- cross-posted to:
- becomeme@sh.itjust.works
- cross-posted to:
- becomeme@sh.itjust.works
Credit to https://literature.cafe/u/Janvier
Absolutely do NOT federate with Hexbear, but for reasons that have little to do with Hexbear’s politics.
I’ve spent a lot of time thinking about the Threadiverse (Lemmy + Kbin centered Fediverse), and I’ve come up with some observations that are true in August 2023 I think every new Lemmy instance should consider. I’ve split it into five parts to avoid Lemmy’s 10k character post limit.
1/5 – The Threadiverse is shrinking
There was a huge boom in Lemmy activity during the Reddit mod protest, but Lemmy and Kbin are not as mature as Reddit was when Digg dramatically enshittified. There wasn’t enough organic growth to capture the rain squall, and now the flood of users is flowing back to the ocean. It’s visible in the active user data, as well the pages of undermoderated single poster communities littering the wider Threadiverse where the last activity is two months old. New Lemmy instances continue to appear, but the total number of active users available for them to share continues to steadily decline. There’s a couple of obvious culprits for this:
Lemmy instances frequently become unavailable for unscheduled maintenance, due to operator inexperience and the rough edges of the software
Third party apps are still in beta stages or unreleased, and the interface leaves a lot to be desired, leaving many disappointed with the user experience.
Moderation tools are still in their infancy. Poorly moderated communities and inactive mods create the potential for very toxic experiences.
This does not mean the Threadiverse is failing; Reddit will continue to decline in quality, and if Threadiverse software and community continues to improve, we will reach an inflection point. Another major Spez event after that milestone will kill Reddit like Reddit killed Digg. To reach this goal, each new instance needs to bring something more to the table than extra space for fewer people to spread out in.
2/5 – Hexbear is a successful Lemmy instance
I support your account of Hexbear’s predecessor. I don’t share your background and naturally had a different experience. I think its useful to explain the history here for the benefit of other readers to better understand Hexbear’s current contrarian character, even if it is filtered through my limited experience.
Hexbear has its origins in the subreddit ChapoTrapHouse (CTH), a community that began its existence when Reddit was an open platform for fascist propaganda. Several subreddits were dedicated to mocking black people, spreading jewish conspiracies, bullying fat people, othering queer people, and sexually harassing women. My interaction with CTH was limited as a Redditor, but their participation as an antifascist group who were fighting back against those trends was a welcome presence. When the mainstream media started making a story about the racism, homophobia, antisemitism, misogyny, and the bad press threatened advertising revenue, Reddit banned the most overtly embarrasing subreddits. In an act of ‘enlightened’ centrism, Reddit banned CTH along with them. Perhaps Reddit blamed them for drawing the press’ attention, perhaps they didn’t want to be accused of being left-wing by going after fascists exclusively. But in any case, CTH needed a new address. That’s how Hexbear became one of the earliest Lemmy instances.

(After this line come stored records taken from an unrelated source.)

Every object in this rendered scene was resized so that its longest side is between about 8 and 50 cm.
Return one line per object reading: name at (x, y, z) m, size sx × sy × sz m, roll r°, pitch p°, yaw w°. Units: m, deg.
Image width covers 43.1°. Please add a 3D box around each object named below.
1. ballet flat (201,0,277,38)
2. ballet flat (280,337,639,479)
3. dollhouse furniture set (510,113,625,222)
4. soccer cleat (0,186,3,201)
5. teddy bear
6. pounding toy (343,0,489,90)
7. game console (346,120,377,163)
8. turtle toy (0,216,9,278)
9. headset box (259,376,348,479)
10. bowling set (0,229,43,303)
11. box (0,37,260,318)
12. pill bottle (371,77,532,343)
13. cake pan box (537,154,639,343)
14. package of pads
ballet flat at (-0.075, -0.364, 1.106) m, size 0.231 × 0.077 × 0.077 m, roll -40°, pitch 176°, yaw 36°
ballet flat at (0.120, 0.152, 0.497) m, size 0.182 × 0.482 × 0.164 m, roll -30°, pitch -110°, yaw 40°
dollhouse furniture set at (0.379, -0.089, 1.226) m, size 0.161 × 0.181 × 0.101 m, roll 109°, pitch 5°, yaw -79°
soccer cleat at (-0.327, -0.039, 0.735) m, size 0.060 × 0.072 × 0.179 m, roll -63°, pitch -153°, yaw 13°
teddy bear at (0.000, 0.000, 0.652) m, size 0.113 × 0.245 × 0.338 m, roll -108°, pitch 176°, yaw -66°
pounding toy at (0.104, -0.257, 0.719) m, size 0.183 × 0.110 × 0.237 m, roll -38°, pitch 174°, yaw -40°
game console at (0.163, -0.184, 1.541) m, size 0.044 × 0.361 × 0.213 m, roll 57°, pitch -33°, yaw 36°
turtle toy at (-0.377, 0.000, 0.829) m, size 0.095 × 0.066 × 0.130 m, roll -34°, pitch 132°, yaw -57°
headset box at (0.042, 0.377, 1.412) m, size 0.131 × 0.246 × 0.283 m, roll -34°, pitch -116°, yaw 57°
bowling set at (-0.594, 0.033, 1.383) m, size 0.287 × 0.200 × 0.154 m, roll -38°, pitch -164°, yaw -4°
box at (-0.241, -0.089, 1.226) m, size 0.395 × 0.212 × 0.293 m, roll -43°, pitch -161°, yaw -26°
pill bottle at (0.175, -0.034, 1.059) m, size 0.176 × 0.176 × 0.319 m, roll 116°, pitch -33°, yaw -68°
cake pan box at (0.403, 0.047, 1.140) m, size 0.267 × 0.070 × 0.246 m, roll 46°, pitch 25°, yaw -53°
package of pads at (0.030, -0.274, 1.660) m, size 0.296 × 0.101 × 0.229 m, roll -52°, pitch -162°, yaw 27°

With several years to grow from a Reddit refuge to a full-blown social platform Hexbear has found its audience. They have site-wide movie nights where films are free-streamed and co-watched in chat. They’ve developed an internal stalinist-emoji based language (incidentally famous for causing problems because federated sites display the images at full resolution.) They have very active moderation, responding swiftly to non-party users stepping out of line with permabans. Dying communities like !anarchism are kept on life support with activity like mods creating regular general megathreads there where the community topic is irrelevant. If you’re transgender or non-binary and are looking to connect with others over North Korea apologia, there’s not a better place on the web to be.
While Hexbear is more eager to federate with others than others are with Hexbear, its size and activity proves an often overlooked point: Hexbear has become extremely successful Lemmy instance in spite of (or perhaps due to) having extremely limited federation.
3/5 – Moderation, not Federation, is the Threadiverse’s killer feature
Lemmy is not Reddit, and calling Lemmy a Federated or Open-Source version of its inspiration is doing it a disservice. Since Lemmy instances are not venture capital funded, continual growth is not the criteria for success. On Reddit, people who read, post, comment, and vote are the product, advertisers are the customers, and investors set the policy. Return on investment trumps all other concerns, and Reddit must continue to grow to be successful. Lemmy allows for a much more diverse set of definitions of success.
So the 0th step in becoming a successful Lemmy instance is deciding what that success looks like. That’s obviously up to the admin(s), but it can’t be achieved without skilled and dedicated moderators. Moderators do obvious tasks like remove spam and ban hate-speech, but they also encourage community activities, model conflict resolution, and produce content. A healthy community is a well-kept garden, and a successful Lemmy instance must include a collection of healthy communities. Moderators are the gardeners that help a community grow.
Moderation is a difficult and emotionally taxing job. I’ve alluded earlier that Reddit made an unforced error, degrading the moderator experience by killing 3rd party apps, and that Lemmy is missing those same essential tools due to its current stage of development. But Lemmy has an advantage over Reddit in there are plenty of instances where admins will listen to and respect their moderators. Lemmy’s codebase and 3rd party software is improving, and while Reddit may be able to improve their internal moderator support mechanisms, moderators will never be more than exploited rubes for them.
Since moderation is so difficult to do well, and is so essential to the Threadiverse project, the effect on moderators should be the primary concern in making any decision that changes the policy, culture, or performance of a Lemmy instance.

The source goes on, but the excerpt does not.